── Exercise inputs

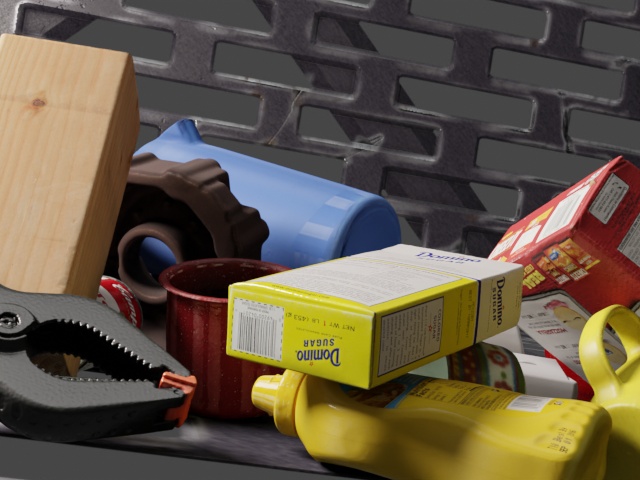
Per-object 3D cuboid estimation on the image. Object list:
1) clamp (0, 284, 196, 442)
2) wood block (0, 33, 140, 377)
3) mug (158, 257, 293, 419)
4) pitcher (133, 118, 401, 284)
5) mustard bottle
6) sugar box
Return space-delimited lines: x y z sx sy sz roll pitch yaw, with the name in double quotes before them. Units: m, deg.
"clamp" -0.167 0.047 0.557 0.210 0.036 0.164 14 35 -9
"wood block" -0.182 -0.020 0.682 0.091 0.206 0.090 9 -30 -1
"mug" -0.050 0.061 0.694 0.093 0.081 0.117 15 19 39
"pitcher" -0.056 0.001 0.937 0.243 0.145 0.149 16 -31 34
"mustard bottle" 0.050 0.099 0.567 0.192 0.058 0.096 9 9 25
"sugar box" 0.037 0.038 0.603 0.093 0.048 0.175 10 10 34

────

### Assignment
Make an exact copy of each line, beginning at the one containing "6) sugar box" and ending with the last line of the data, and of no other line.

### Answer to this exercise
6) sugar box
Return space-delimited lines: x y z sx sy sz roll pitch yaw, with the name in double quotes before them. Units: m, deg.
"clamp" -0.167 0.047 0.557 0.210 0.036 0.164 14 35 -9
"wood block" -0.182 -0.020 0.682 0.091 0.206 0.090 9 -30 -1
"mug" -0.050 0.061 0.694 0.093 0.081 0.117 15 19 39
"pitcher" -0.056 0.001 0.937 0.243 0.145 0.149 16 -31 34
"mustard bottle" 0.050 0.099 0.567 0.192 0.058 0.096 9 9 25
"sugar box" 0.037 0.038 0.603 0.093 0.048 0.175 10 10 34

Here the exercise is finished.